INFORMATION PROVIDED Block Start

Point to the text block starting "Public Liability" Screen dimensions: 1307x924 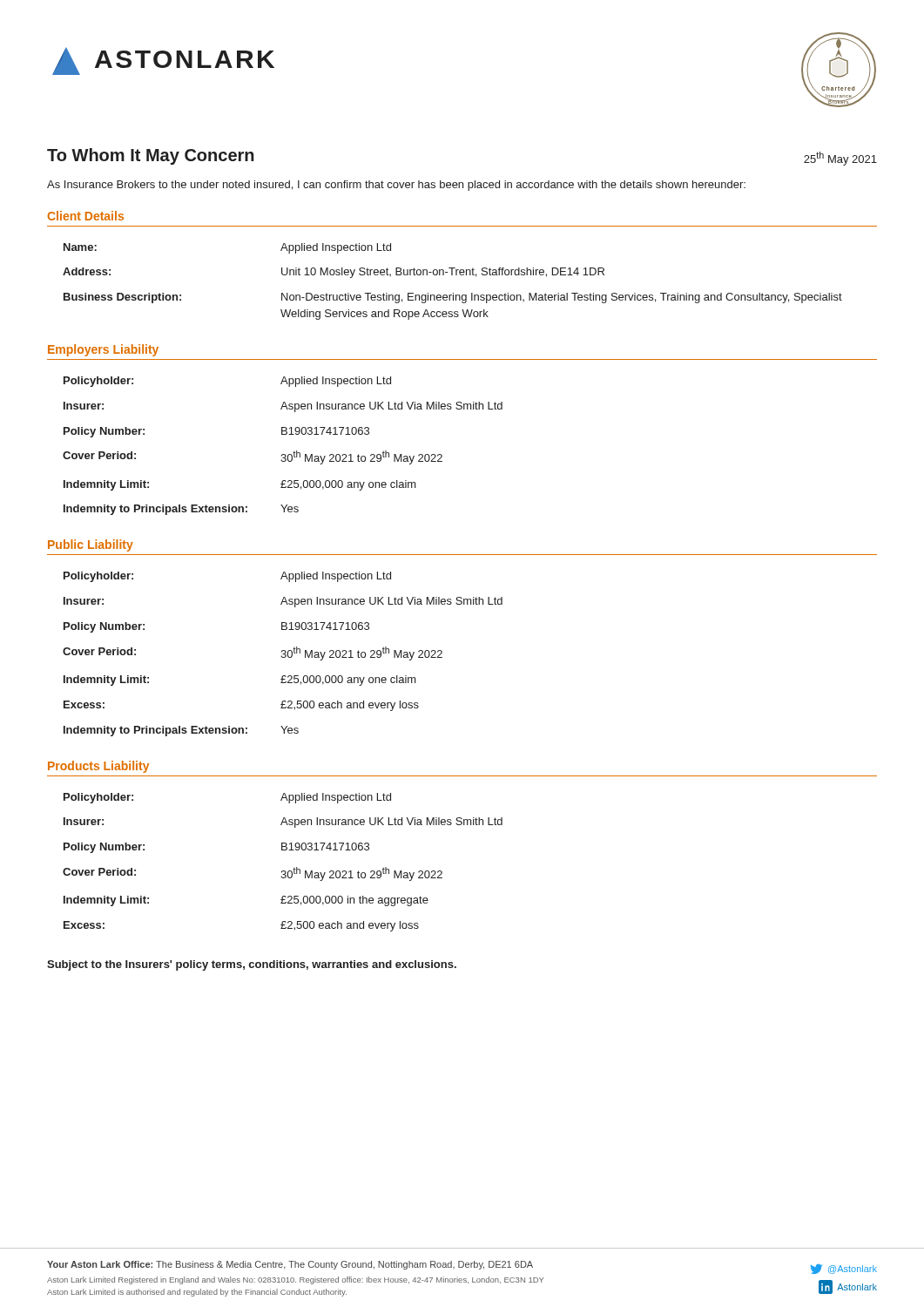click(90, 545)

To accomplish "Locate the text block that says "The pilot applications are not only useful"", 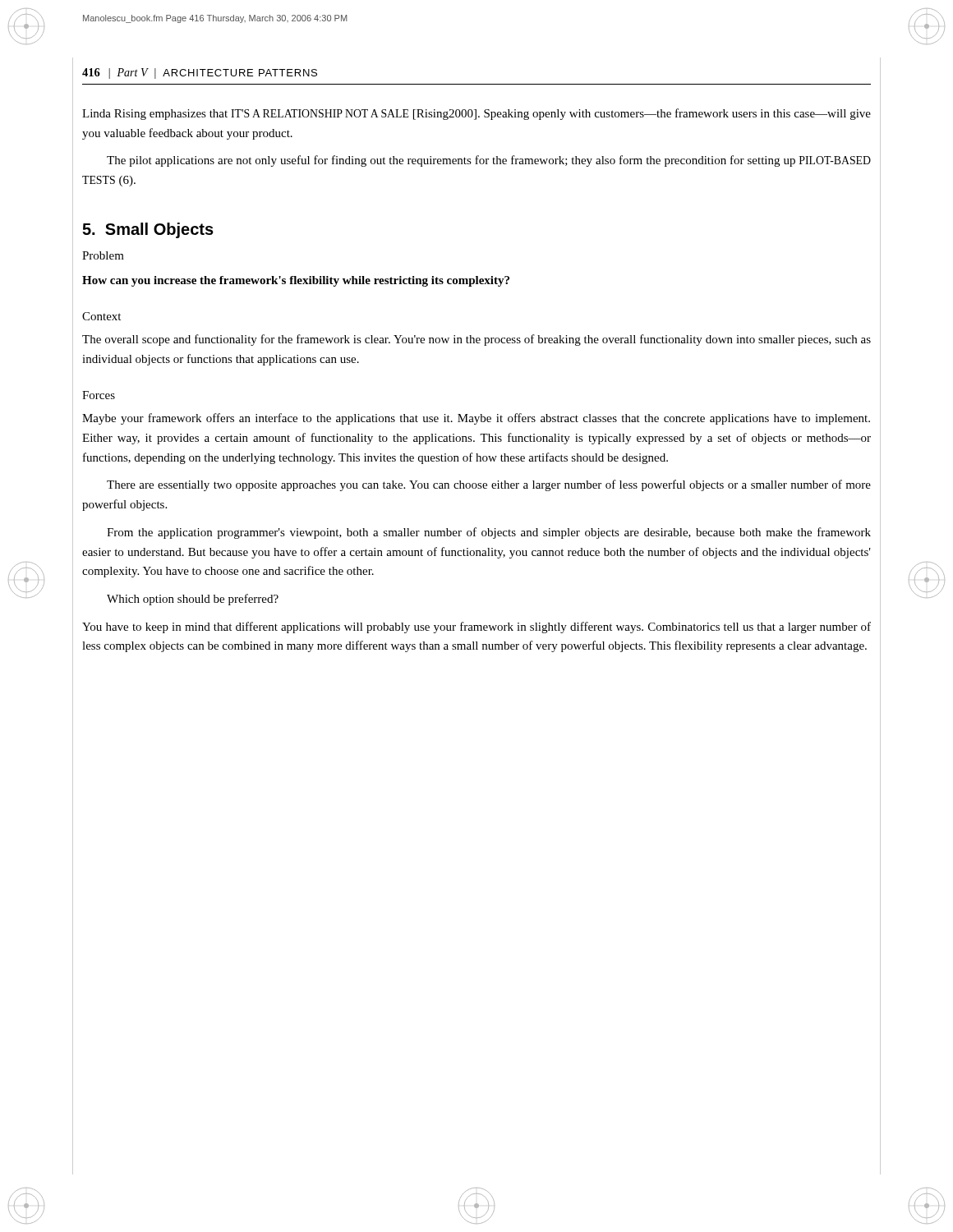I will click(476, 171).
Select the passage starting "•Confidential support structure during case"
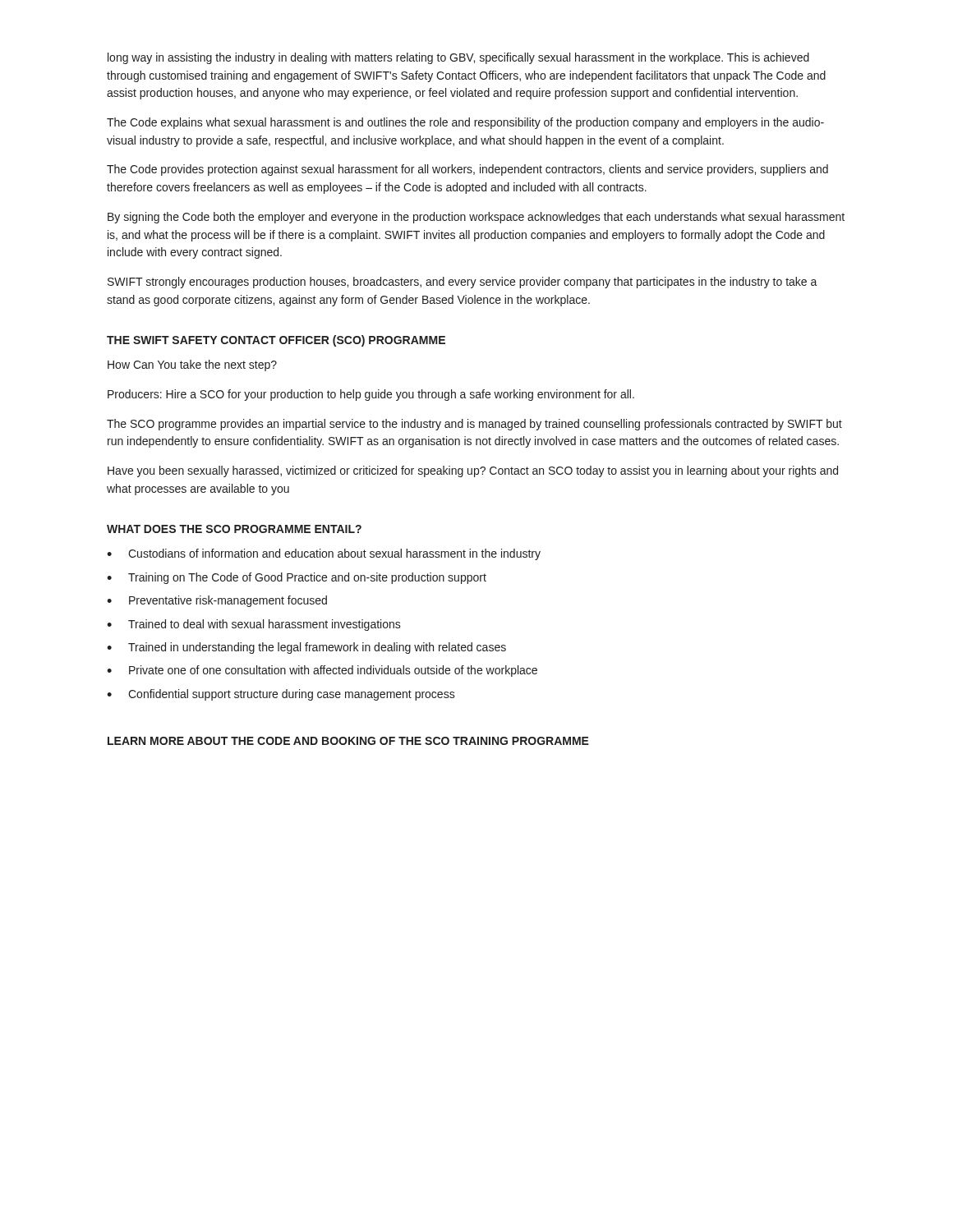953x1232 pixels. [x=281, y=695]
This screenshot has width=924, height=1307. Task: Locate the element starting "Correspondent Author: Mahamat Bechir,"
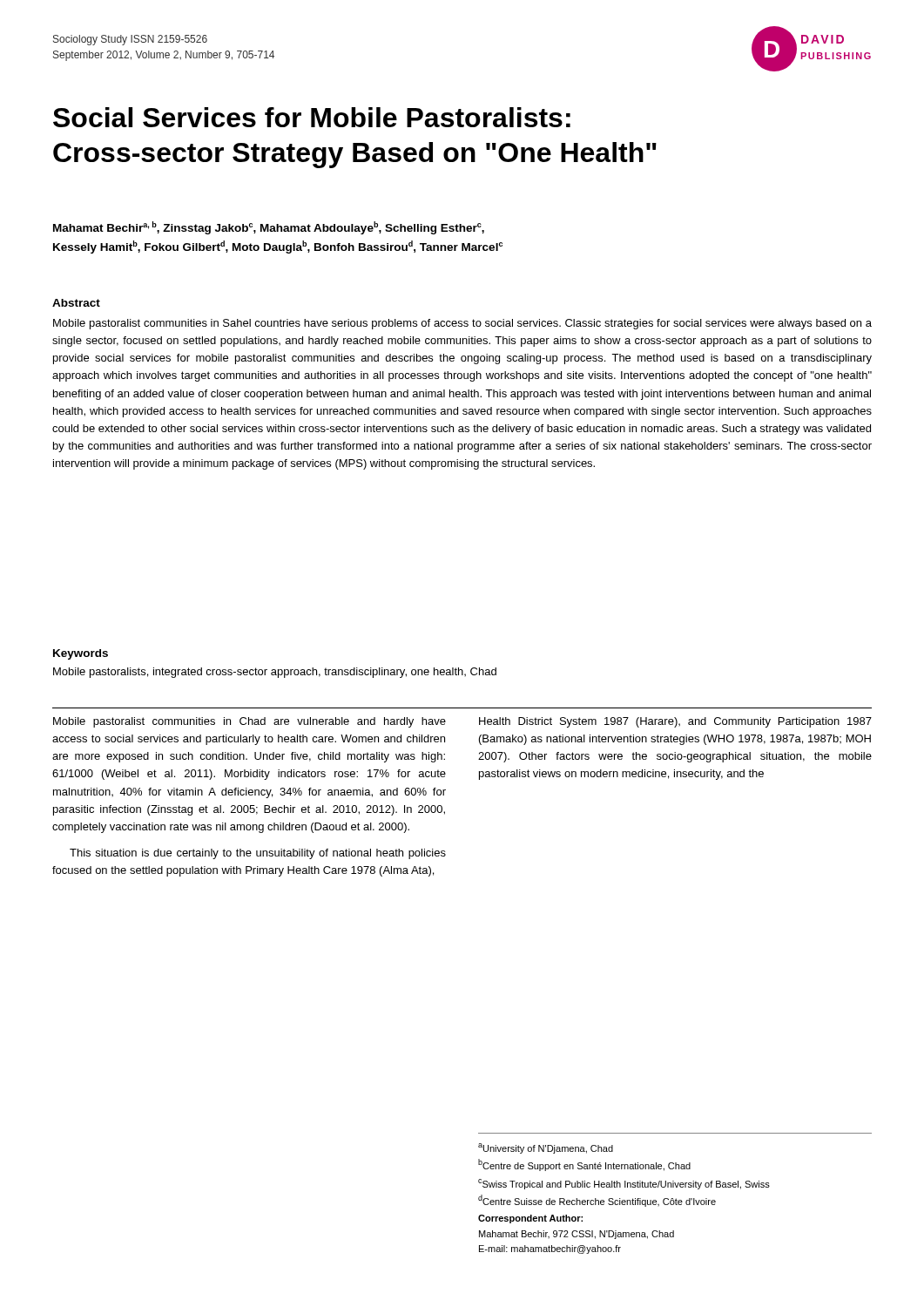point(576,1233)

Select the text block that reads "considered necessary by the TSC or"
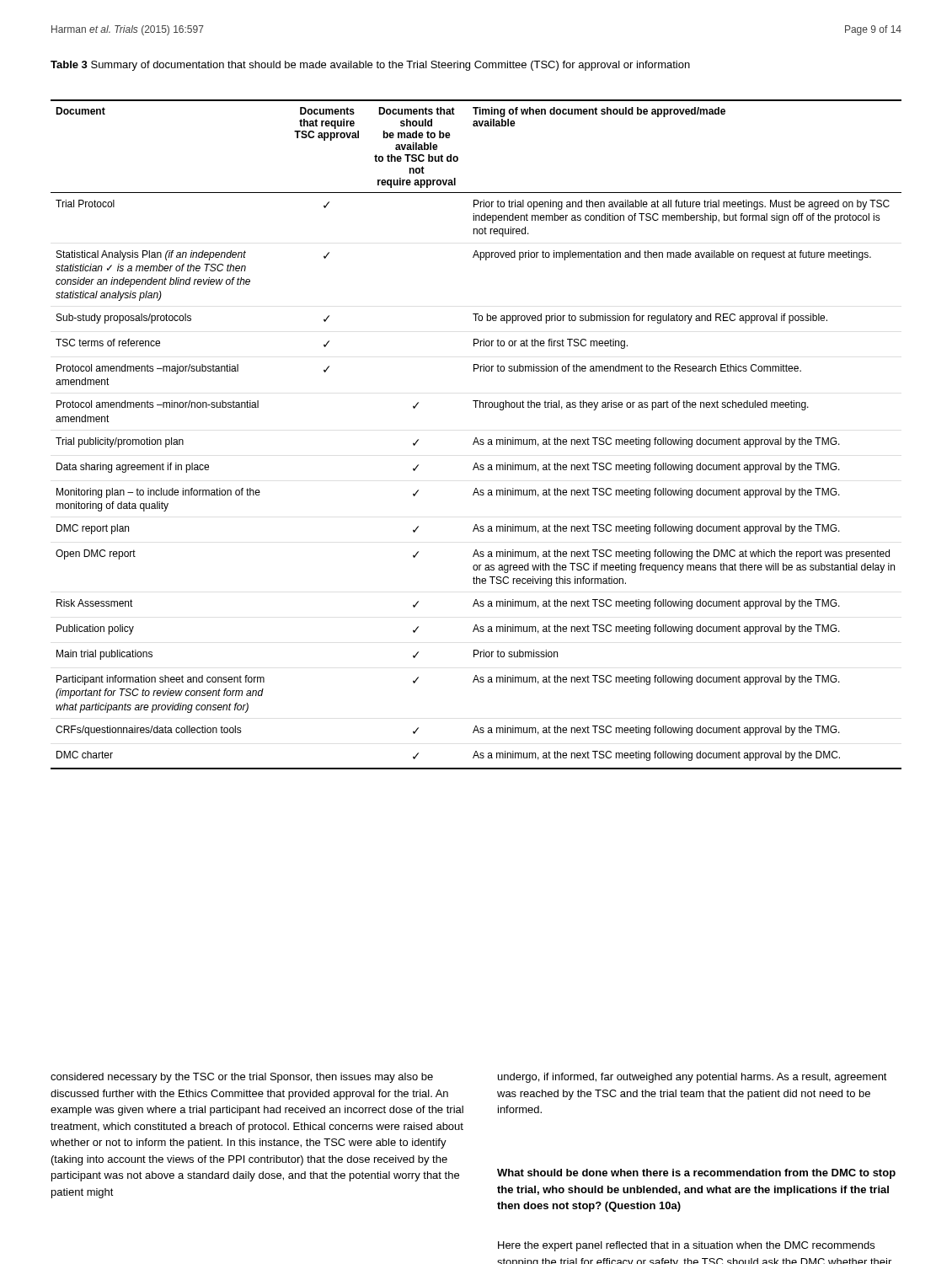tap(257, 1134)

INFORMATION PROVIDED Block End

* **WHAT THE TASK REQUIRES**:
Please set down, exactly and with nothing added, the lines from the line with "Select the passage" to the end of the entries above, omitting pictures.

* **TASK RESULT**:
Select the passage starting "•Confidential support structure during case"
953x1232 pixels. [x=281, y=695]
This screenshot has width=924, height=1307. Task: Locate the element starting "Correspondent Author: Mahamat Bechir,"
point(576,1233)

Select the text block that reads "considered necessary by the TSC or"
tap(257, 1134)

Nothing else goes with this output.